WiMAX is touted as being the ideal solution to address poor connectivity in the region. Its wireless infrastructure offers a larger coverage areas and better quality of service than regular wi-fi, while by nature of being wireless, it's a lot easier and cheaper to deploy services to reach more customers in densely populated urban areas and remote rural areas.

The Middle East is certainly going for early adopter status with WiMAX, with deployments in the region ahead of more developed markets. The combination of poor penetration of broadband, sparse physical infrastructure and booming competition between telcos and ISPs in newly liberalized markets mean that WiMAX looks like the best fit to deliver voice and data services in a short space of time. Who knows, if operators are able to gain the savings that WiMAX vendors are promising, then they might even cut the cost of broadband access.
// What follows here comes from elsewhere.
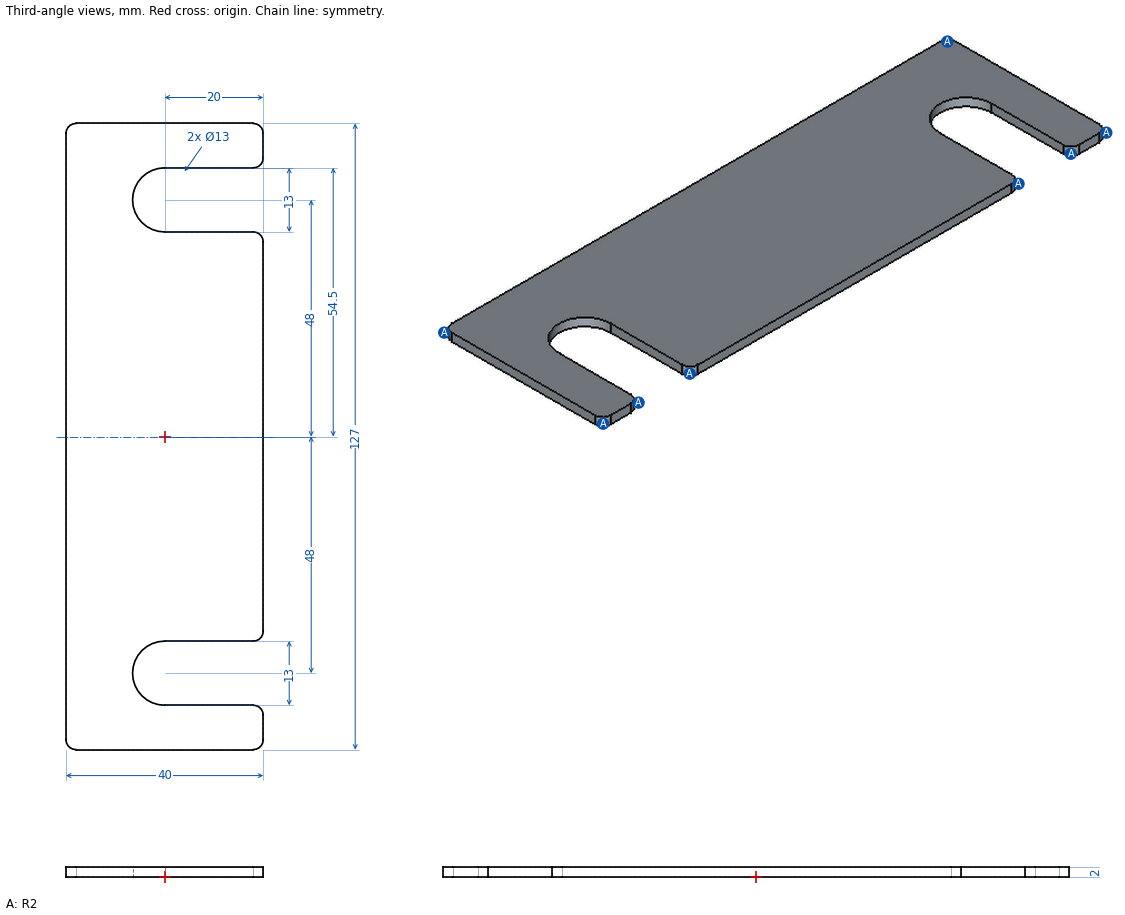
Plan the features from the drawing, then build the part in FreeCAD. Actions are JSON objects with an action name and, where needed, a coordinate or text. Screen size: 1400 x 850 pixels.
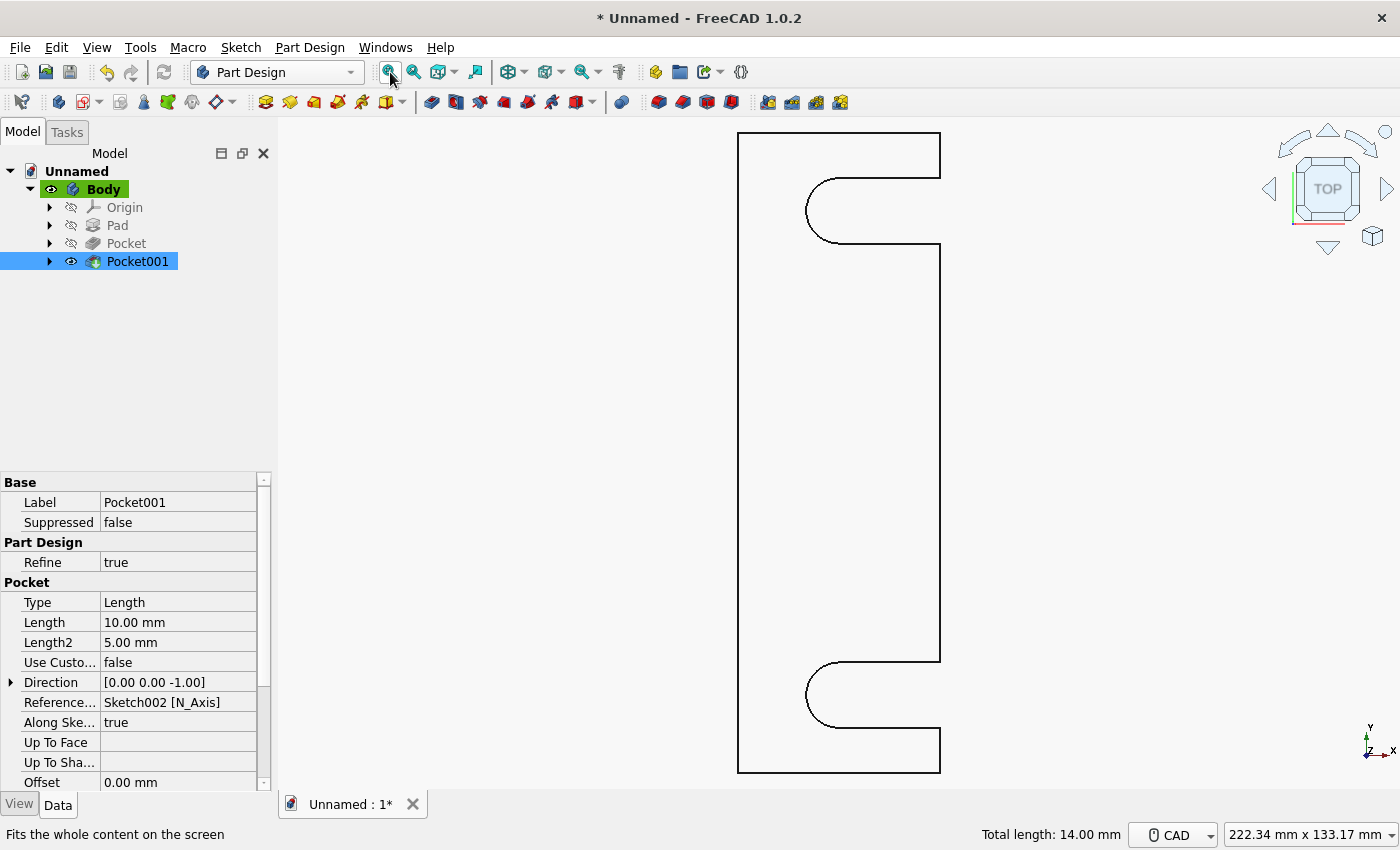
{"action": "key", "text": "1"}

The issue with WiMAX however is that it's not quite gained global acceptance yet, particularly in the US. For the end user the cost of being able to connect to a WiMAX network is still a little high - around $45-55 for a notebook module and between $250-500 for customer premises equipment (CPE). Those costs won't come down without mass market adoption, and traditionally, that has meant the US.
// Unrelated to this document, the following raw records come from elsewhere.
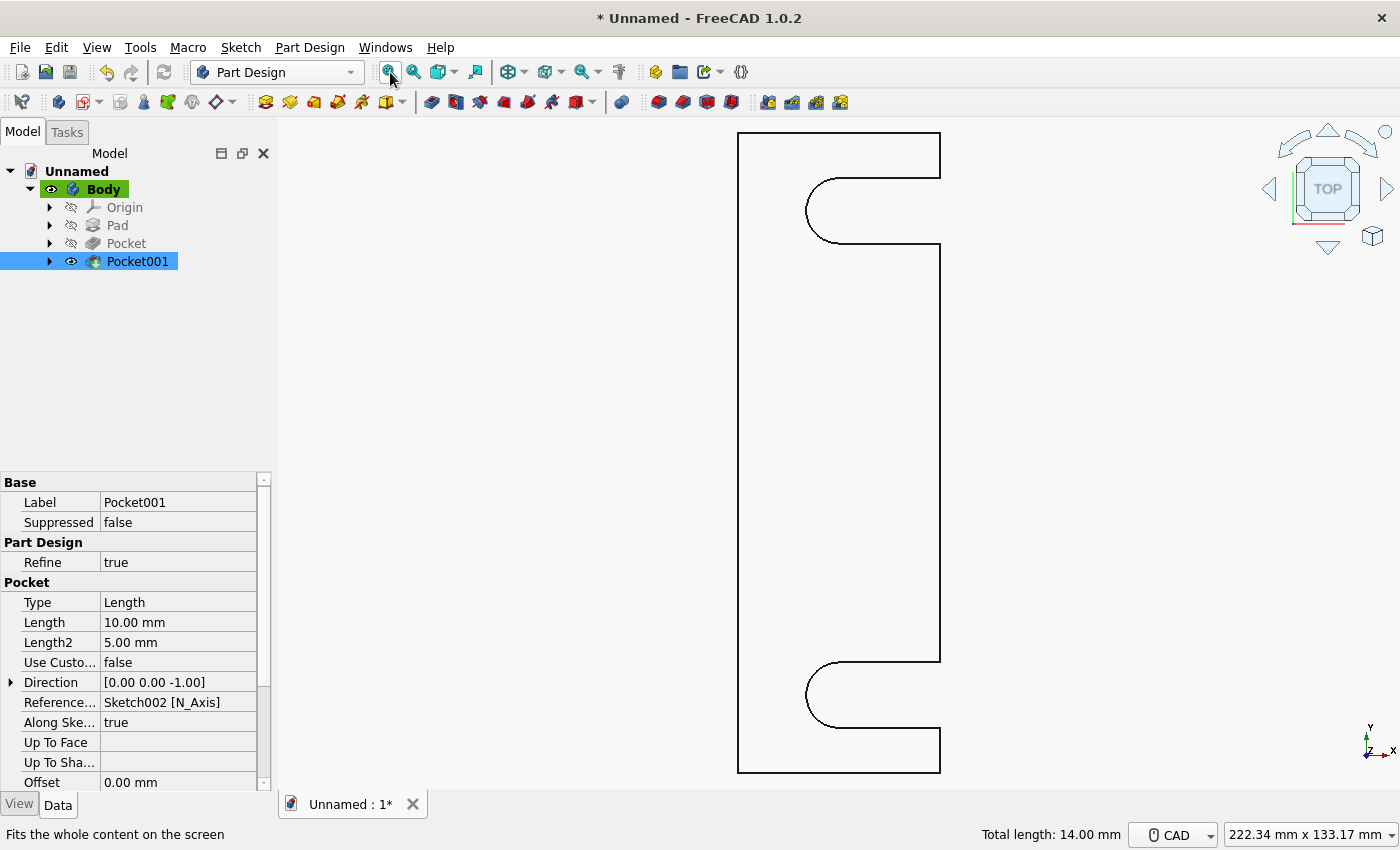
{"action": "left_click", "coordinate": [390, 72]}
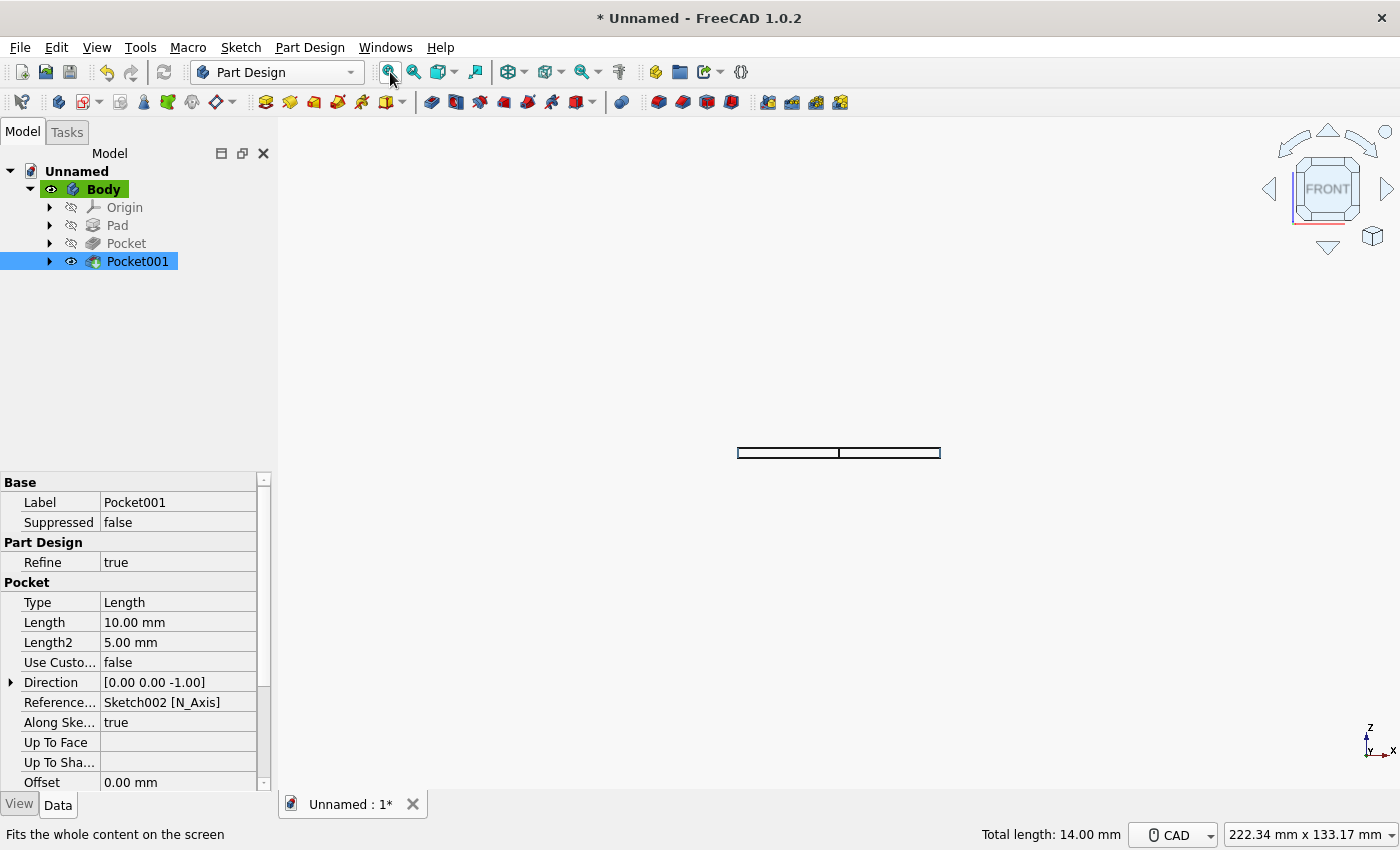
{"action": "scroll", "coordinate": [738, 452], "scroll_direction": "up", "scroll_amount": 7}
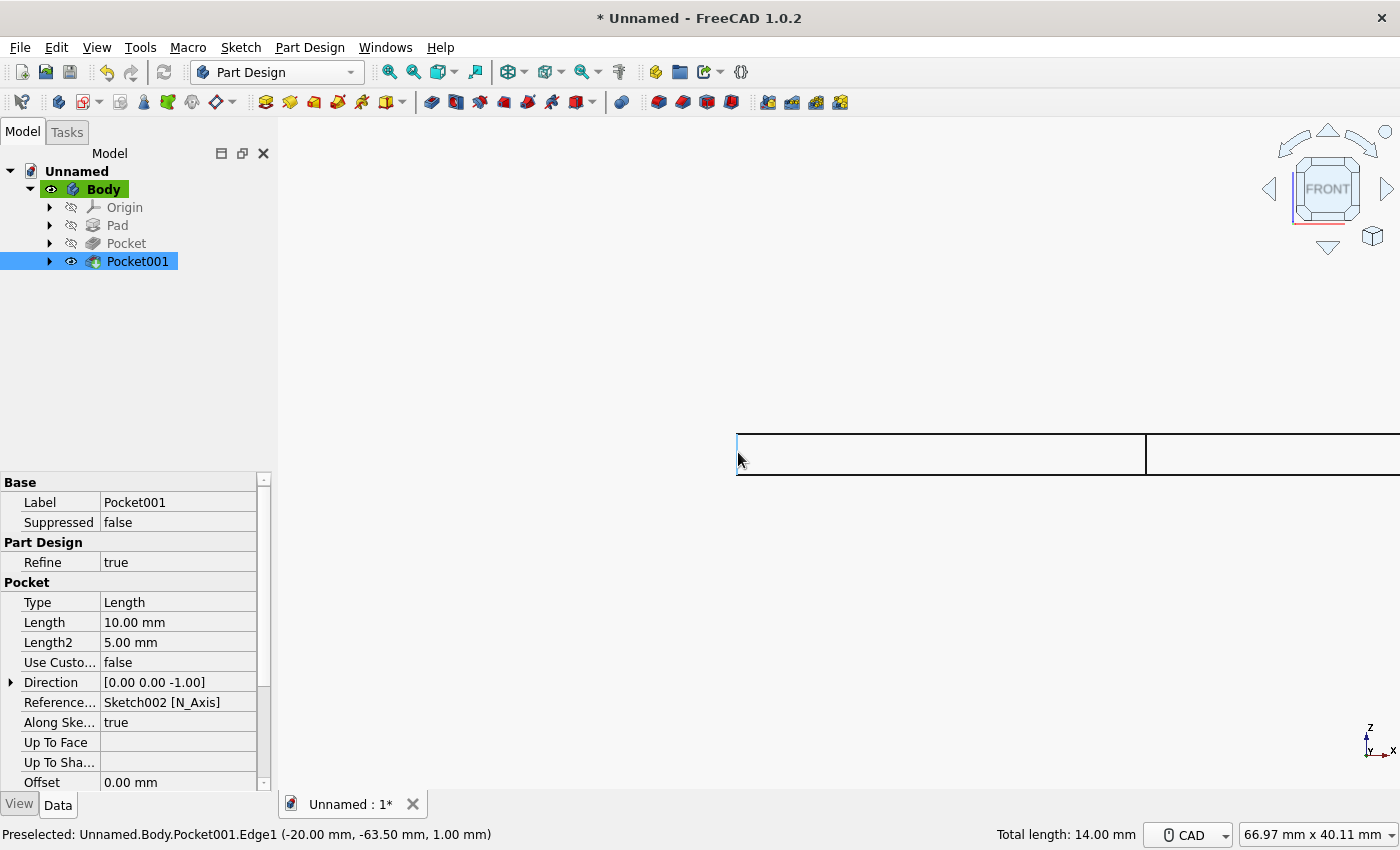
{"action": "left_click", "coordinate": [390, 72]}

The problem with the US is the possible lack of a nationwide network, leading to a fragmented and possibly dead-on-the-vine deployment. Major operators Clearwire and Sprint scrapped a plan to link their networks, which looked to be the most likely foundation for a nationwide network. Intel is rumoured to be making a major investment in reviving the agreement, but for now WiMAX's US future is still uncertain.

But an uncertain future for the US should not necessarily mean that operators should shy away from WiMAX. The demand for mobility services and more broadband is here in the Middle East. There is a young population that is hungry for next generation web communications, and there is a thriving business community that is demanding more connectivity. WiMAX is not the only way to meet these demands, but it certainly meets the criteria. What is needed now to take the technology into the mainstream is support and investment. A shrewd investment now by a regional telco or investment fund in developing WiMAX would pay off not just in terms of giving local operators a technological edge, but would also enable the region to benefit from selling a technology to the rest of the world instead of buying.